What the task requires
The required output is the lines below from the line containing "Show me your" to the line containing "3) We can rewrite", inclusive, retyped exactly. No other lines belong in it.

Data extract
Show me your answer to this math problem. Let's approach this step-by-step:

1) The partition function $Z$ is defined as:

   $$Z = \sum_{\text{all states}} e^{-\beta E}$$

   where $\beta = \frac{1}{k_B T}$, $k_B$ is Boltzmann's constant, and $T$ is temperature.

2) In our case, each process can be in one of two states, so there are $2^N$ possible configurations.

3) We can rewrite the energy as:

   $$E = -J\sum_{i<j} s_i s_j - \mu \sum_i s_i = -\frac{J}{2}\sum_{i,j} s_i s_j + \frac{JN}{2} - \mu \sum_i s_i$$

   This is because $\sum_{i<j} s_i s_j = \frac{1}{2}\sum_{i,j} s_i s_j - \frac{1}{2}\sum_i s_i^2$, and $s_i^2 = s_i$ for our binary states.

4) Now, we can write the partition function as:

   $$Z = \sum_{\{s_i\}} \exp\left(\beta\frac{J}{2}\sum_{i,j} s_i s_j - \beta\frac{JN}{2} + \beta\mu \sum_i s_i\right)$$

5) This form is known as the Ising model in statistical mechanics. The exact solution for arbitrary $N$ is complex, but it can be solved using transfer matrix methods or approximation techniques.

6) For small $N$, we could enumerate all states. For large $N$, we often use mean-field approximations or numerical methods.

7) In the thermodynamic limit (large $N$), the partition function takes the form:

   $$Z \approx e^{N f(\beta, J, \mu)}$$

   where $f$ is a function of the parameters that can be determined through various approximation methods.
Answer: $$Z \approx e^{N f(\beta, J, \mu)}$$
...
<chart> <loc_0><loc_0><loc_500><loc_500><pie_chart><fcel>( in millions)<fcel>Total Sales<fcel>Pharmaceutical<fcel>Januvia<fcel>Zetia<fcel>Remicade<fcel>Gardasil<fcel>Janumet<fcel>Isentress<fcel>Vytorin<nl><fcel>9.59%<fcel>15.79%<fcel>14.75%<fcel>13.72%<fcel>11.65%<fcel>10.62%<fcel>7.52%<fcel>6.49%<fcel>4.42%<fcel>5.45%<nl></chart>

Response for this exercise
Show me your answer to this math problem. Let's approach this step-by-step:

1) The partition function $Z$ is defined as:

   $$Z = \sum_{\text{all states}} e^{-\beta E}$$

   where $\beta = \frac{1}{k_B T}$, $k_B$ is Boltzmann's constant, and $T$ is temperature.

2) In our case, each process can be in one of two states, so there are $2^N$ possible configurations.

3) We can rewrite the energy as:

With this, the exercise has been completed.